Aleksander Malinowskij alias Aleksander Bogdanov (1873-1928) fu all’inizio populista, ma aderì convintamente alla componente bolscevica del partito socialdemocratico russo, pur con una sua specifica eresia: in quanto seguace di Ernst Mach1 e dunque ecclettico, per questo eretico. Studiò medicina e la sua teoria universale dell’organizzazione pervenne a risultati fondamentali, prossimi a quelli della cibernetica di Norbert Wiener o alla teoria dei sistemi di Ludwig von Bertalanffy, proprio sulla base di nozioni fisiologiche.

Pavel Florenskij (1882-1937) teologo e sacerdote, seguì invece l’Ortodossia, pur con le sue personali aperture, essendo stato matematico, ingegnere, naturalista: mistico, ma aperto alla sapienza del mondo, alla tecnica ha auspicato, scontrandosi anche con le autorità ecclesiastiche, ampie riforme sociali, incruente2 e ricomprese all’interno di un umanesimo a cui stava dando lentamente corpo: con la sua antropodicea in una funzione escatologica e nel contempo ecumenica.

C’è di più ad accomunare questi due eminenti intellettuali, così diversi, vi fu la vicinanza al cosmismo di Vernadskij, il vero ispiratore di Tehilard de Chardin, oltre che un’attenzione al ruolo dell’organizzazione nei sistemi complessi. Nel primo una fede nella redenzione della scienza nel solco, fino ad un certo punto, del leninismo, ma con un privilegio per Ernst Mach, nel secondo invece un’adesione alla sophiologia, tendenza spirituale ortodossa, per cui la stessa sapienza umana concorrerebbe al bene e alla costituzione di un ordine insieme naturale e spirituale.
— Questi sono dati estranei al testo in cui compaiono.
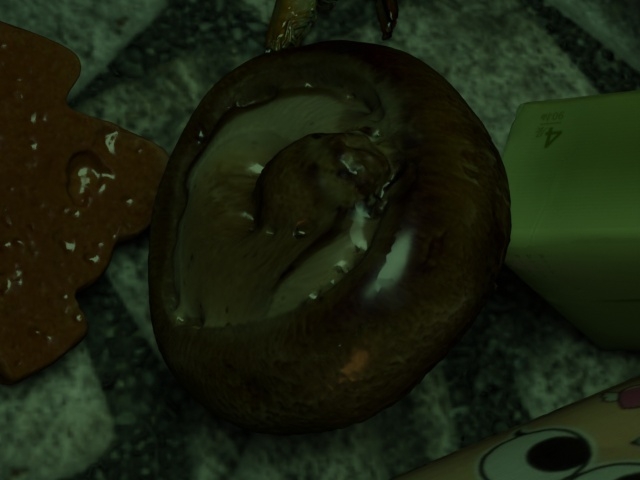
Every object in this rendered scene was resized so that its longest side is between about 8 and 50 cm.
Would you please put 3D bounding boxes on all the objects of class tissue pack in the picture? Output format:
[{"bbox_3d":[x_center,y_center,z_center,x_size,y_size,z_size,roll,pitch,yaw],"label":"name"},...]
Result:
[{"bbox_3d":[0.242,-0.011,1.048,0.234,0.159,0.125,-2,61,41],"label":"tissue pack"}]

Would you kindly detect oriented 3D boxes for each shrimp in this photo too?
[{"bbox_3d":[0.003,-0.153,1.211,0.091,0.025,0.127,27,63,3],"label":"shrimp"}]

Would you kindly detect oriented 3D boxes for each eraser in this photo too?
[{"bbox_3d":[0.195,0.151,1.046,0.291,0.087,0.171,-20,26,-16],"label":"eraser"}]

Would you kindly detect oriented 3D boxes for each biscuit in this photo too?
[{"bbox_3d":[-0.238,-0.057,1.064,0.284,0.043,0.306,-31,100,-31],"label":"biscuit"}]

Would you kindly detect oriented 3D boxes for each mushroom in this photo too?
[{"bbox_3d":[0.000,0.000,1.042,0.153,0.253,0.253,32,57,-41],"label":"mushroom"}]
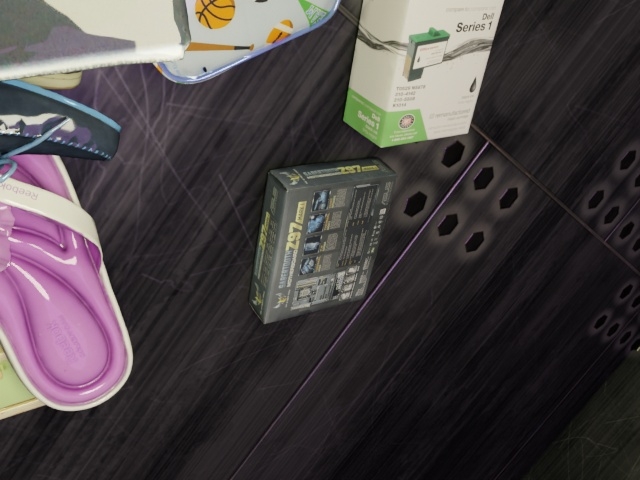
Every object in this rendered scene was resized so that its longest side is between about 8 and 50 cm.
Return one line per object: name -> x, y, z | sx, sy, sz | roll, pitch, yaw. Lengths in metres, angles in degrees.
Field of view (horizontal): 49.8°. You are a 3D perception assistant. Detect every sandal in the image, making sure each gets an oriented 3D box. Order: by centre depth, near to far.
sandal -> -0.295, 0.007, 0.679 | 0.169, 0.102, 0.416 | -37, 122, -20

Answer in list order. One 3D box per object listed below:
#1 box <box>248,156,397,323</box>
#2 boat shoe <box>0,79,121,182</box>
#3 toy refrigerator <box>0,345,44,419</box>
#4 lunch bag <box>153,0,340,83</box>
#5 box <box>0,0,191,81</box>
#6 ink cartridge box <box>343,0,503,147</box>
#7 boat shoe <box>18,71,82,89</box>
box -> 0.000, 0.000, 0.996 | 0.183, 0.059, 0.233 | -12, 130, -31
boat shoe -> -0.304, -0.093, 0.578 | 0.258, 0.109, 0.089 | 10, 81, -18
toy refrigerator -> -0.409, 0.153, 0.775 | 0.269, 0.094, 0.102 | -14, 130, -29
lunch bag -> -0.112, -0.310, 0.626 | 0.243, 0.115, 0.303 | -27, 134, -11
box -> -0.209, -0.291, 0.335 | 0.212, 0.293, 0.396 | -12, 113, -13
ink cartridge box -> 0.131, -0.245, 0.879 | 0.160, 0.092, 0.219 | -14, 130, -30
boat shoe -> -0.313, -0.214, 0.555 | 0.285, 0.103, 0.092 | 22, 112, -39
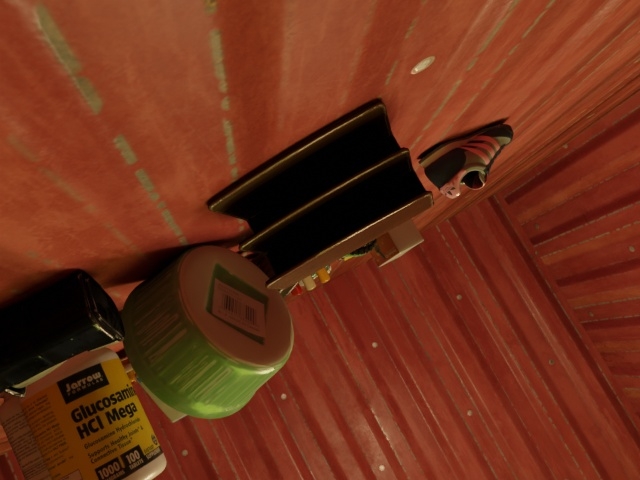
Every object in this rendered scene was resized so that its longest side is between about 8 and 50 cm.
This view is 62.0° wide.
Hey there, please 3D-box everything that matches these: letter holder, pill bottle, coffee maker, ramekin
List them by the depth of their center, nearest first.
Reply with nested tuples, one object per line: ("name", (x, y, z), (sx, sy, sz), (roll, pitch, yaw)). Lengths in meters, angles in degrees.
("coffee maker", (-0.394, 0.132, 0.758), (0.178, 0.120, 0.171), (-28, 171, -6))
("letter holder", (0.008, -0.059, 0.838), (0.302, 0.152, 0.214), (-30, 170, 8))
("ramekin", (-0.192, 0.154, 0.983), (0.148, 0.303, 0.303), (-40, 167, 26))
("pill bottle", (-0.447, 0.327, 1.014), (0.188, 0.334, 0.188), (-28, 172, -4))
("pill bottle", (-0.573, 0.387, 1.129), (0.160, 0.283, 0.160), (-28, 172, -4))

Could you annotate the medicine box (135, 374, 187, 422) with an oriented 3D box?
("medicine box", (-0.267, 0.253, 1.305), (0.263, 0.149, 0.289), (-30, -163, 7))

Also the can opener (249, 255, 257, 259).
("can opener", (-0.145, 0.081, 1.440), (0.074, 0.093, 0.280), (-26, 180, -6))

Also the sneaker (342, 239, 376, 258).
("sneaker", (0.000, 0.000, 1.329), (0.344, 0.134, 0.146), (-16, 177, -36))

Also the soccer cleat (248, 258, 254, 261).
("soccer cleat", (-0.238, 0.132, 1.213), (0.248, 0.095, 0.083), (-31, 156, -10))

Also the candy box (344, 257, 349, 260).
("candy box", (0.054, 0.008, 1.499), (0.105, 0.027, 0.206), (-27, -159, -22))

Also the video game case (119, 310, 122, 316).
("video game case", (-0.392, 0.169, 1.319), (0.196, 0.026, 0.274), (-25, 172, -24))

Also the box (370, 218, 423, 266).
("box", (0.178, -0.035, 1.458), (0.091, 0.170, 0.130), (-24, 170, -29))

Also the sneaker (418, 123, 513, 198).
("sneaker", (0.383, -0.193, 1.320), (0.319, 0.131, 0.112), (-24, 170, -30))

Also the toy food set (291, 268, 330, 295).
("toy food set", (-0.089, 0.129, 1.946), (0.232, 0.104, 0.111), (-12, -161, 44))

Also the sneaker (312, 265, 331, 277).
("sneaker", (-0.029, 0.121, 2.155), (0.166, 0.065, 0.076), (-29, 156, -22))

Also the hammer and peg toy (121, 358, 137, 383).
("hammer and peg toy", (-0.654, 0.455, 1.809), (0.266, 0.127, 0.361), (-25, 171, -22))

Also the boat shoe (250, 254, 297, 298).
("boat shoe", (-0.033, -0.016, 1.131), (0.307, 0.104, 0.110), (-48, 165, -10))
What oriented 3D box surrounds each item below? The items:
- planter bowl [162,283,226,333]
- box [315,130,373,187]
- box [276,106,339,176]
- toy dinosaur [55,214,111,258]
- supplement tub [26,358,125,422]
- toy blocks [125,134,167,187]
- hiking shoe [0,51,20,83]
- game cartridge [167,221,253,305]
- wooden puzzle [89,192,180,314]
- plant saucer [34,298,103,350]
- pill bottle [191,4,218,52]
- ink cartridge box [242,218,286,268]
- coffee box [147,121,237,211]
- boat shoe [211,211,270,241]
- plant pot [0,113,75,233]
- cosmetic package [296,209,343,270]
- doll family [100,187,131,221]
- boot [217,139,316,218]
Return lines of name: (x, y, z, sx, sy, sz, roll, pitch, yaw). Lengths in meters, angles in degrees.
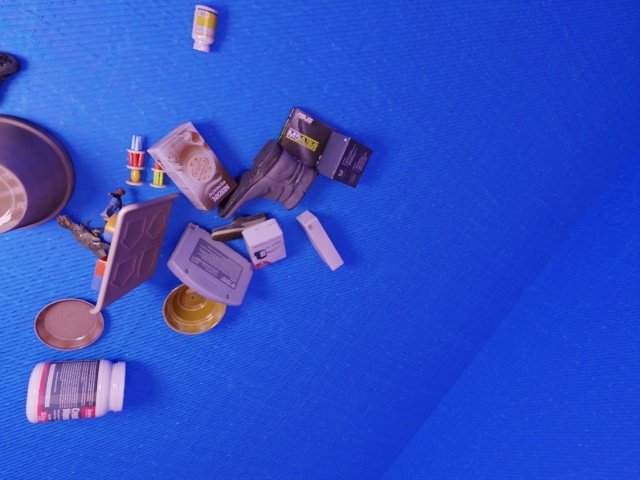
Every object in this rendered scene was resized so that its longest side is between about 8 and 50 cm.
planter bowl: (-0.460, 0.225, 1.481, 0.217, 0.090, 0.217, -9, 114, -21)
box: (0.087, -0.290, 1.476, 0.158, 0.093, 0.155, 11, 107, -51)
box: (-0.053, -0.346, 1.446, 0.191, 0.045, 0.184, 22, 104, -30)
toy dinosaur: (-0.708, 0.001, 1.298, 0.118, 0.064, 0.268, -28, 123, -4)
supplement tub: (-0.818, 0.504, 1.383, 0.273, 0.191, 0.191, 5, 109, -25)
toy blocks: (-0.536, -0.245, 1.269, 0.123, 0.054, 0.148, 3, 109, -24)
hiking shoe: (-0.877, -0.397, 1.047, 0.227, 0.086, 0.114, -41, 166, -23)
game cartridge: (-0.377, 0.097, 1.420, 0.297, 0.062, 0.198, 41, 52, -31)
wooden puzzle: (-0.571, 0.015, 1.237, 0.081, 0.322, 0.347, 25, 103, -2)
plant saucer: (-0.838, 0.276, 1.367, 0.199, 0.036, 0.198, -9, 115, -21)
pill bottle: (-0.340, -0.616, 1.191, 0.065, 0.065, 0.116, 6, 109, -26)
ink cartridge box: (-0.200, 0.015, 1.470, 0.128, 0.072, 0.175, -23, 152, -13)
coffee box: (-0.398, -0.228, 1.288, 0.141, 0.098, 0.246, -50, 124, -23)
boat shoe: (-0.284, -0.052, 1.453, 0.224, 0.080, 0.073, -13, 72, -25)
plant pot: (-0.833, -0.146, 1.050, 0.324, 0.280, 0.322, -10, 116, -21)
cosmetic package: (0.000, 0.000, 1.586, 0.060, 0.099, 0.239, -37, 122, -9)
doll family: (-0.614, -0.079, 1.267, 0.076, 0.111, 0.193, 20, 147, -4)
boot: (-0.180, -0.160, 1.414, 0.338, 0.118, 0.223, -43, 128, 15)
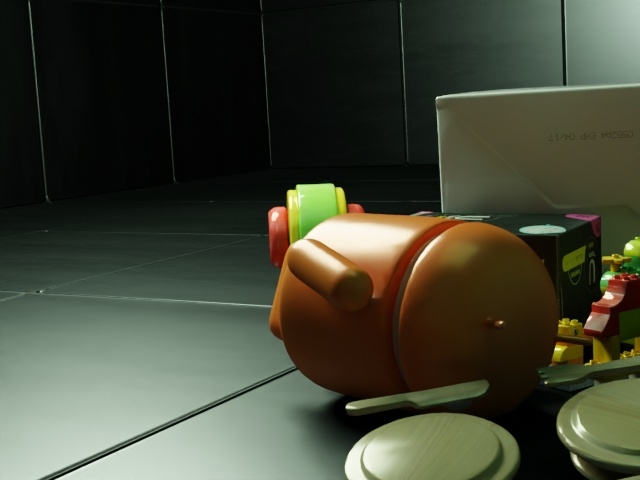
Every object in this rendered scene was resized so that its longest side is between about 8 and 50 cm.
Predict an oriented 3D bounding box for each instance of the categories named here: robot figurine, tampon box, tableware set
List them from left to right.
[{"bbox_3d":[0.058,0.047,0.680,0.219,0.158,0.128,5,40,48],"label":"robot figurine"},{"bbox_3d":[0.132,0.034,0.840,0.161,0.102,0.120,1,9,29],"label":"tampon box"},{"bbox_3d":[0.109,0.111,0.520,0.194,0.039,0.128,-9,19,0],"label":"tableware set"}]

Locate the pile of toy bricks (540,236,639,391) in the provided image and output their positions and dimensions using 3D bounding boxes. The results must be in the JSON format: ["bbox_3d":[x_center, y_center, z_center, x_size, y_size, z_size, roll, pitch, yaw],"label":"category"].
[{"bbox_3d":[0.237,0.039,0.740,0.212,0.105,0.118,-8,9,-33],"label":"pile of toy bricks"}]

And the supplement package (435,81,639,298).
[{"bbox_3d":[0.253,-0.038,0.944,0.261,0.204,0.145,0,9,23],"label":"supplement package"}]

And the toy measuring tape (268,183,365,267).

Il vero motore dello sviluppo della scienza, motivo di interesse primario per Bogdanov, è il conflitto tra formale e concettuale che è poi la perenne aporia epistemologica e fondazionale che da Kant in poi ha accompagnato il pensiero moderno, in una riedizione dei paradossi di Zenone: ovvero l’aporia concernente il nesso continuo-discreto. Come, può, infatti, la teoria trasformarsi opportunamente in prassi così che il continuo della storia possa procedere in una direzione specifica, valida e determinata, tale da portare al fine previsto e all’inveramento di un concetto astratto e ideale, ma non per questo soggettivo? La scienza, diversamente dalla concezione borghese, per Bogdanov, non deve separare lavoro e speculazione, prassi e teoria: la stessa conoscenza è lavoro, azione ed è determinante per poter realizzare una svolta.

La stessa struttura del nostro pensiero, il nostro linguaggio in base alla dialettica materialista nella versione di Lenin sarebbero frutto di una medesima matrice, hanno il medesimo radicamento in una totalità che le presuppone: la materia che è, inoltre, prioritaria rispetto al pensiero: lo precede ed è basica in questa economia di idee dal momento perché fonda le stesse categorie soggettive.

Florenskij aveva avuto ben altro maestro, Vladimir Solovev, che sviluppò, soprendentemente un’ antropodicea, cosa inedita rispetto alla canonica teodicea, un esercizio teologico raffinato volto a collocare l’uomo nel cosmo, nell’attesa della seconda venuta di Cristo. Solovev, considerato dalla propaganda sovietica come autore di successo in un momento di recupero dell’ideologia capitalista successivo alla rivoluzione del 1905 era annoverato tra i reazionari per la sua mistica e il soggettivismo che portava con sé, inoltre, l’idealismo, vero nemico del popolo per gli standard leninisti faceva di lui un autore politicamente scorretto e tendenzioso. Florenskij, uomo di scienza in matematica, con una tesi dal titolo Sulle caratteristiche delle curve piane come luoghi di violazione del principio di discontinuità, preferì occuparsi di teologia che godere della libera docenza.

2. Materia e forma

2.1. Dialettica e filosofia classica tedesca

Per enunciare i rapporti tra materia e forma nel pensiero di Florenskij e di Bogdanov, rapporti speculari e talvola convergenti e offrire così uno spaccato del pensiero russo fino ai primi anni ’30, è opportuno decifrare il significato dell’idealismo del primo e del materialismo del secondo, in modo che sia così possibile comprendere il pensiero di ciascuno in riferimento all’atto e alla potenza, così da tratteggiare quei nessi tra legge e pensiero che tanto hanno caratterizzato l’ascendenza hegeliana dell’hegelo-marxismo di Bogdanov e di certune teorie di Florenskij, in realtà più vicine a Schelling e a Goethe, ma pur sempre con ampie risonanze provenienti dal pensiero del filosofo di Stoccarda per vari riferimenti ad una teleologia concreta nei fenomeni.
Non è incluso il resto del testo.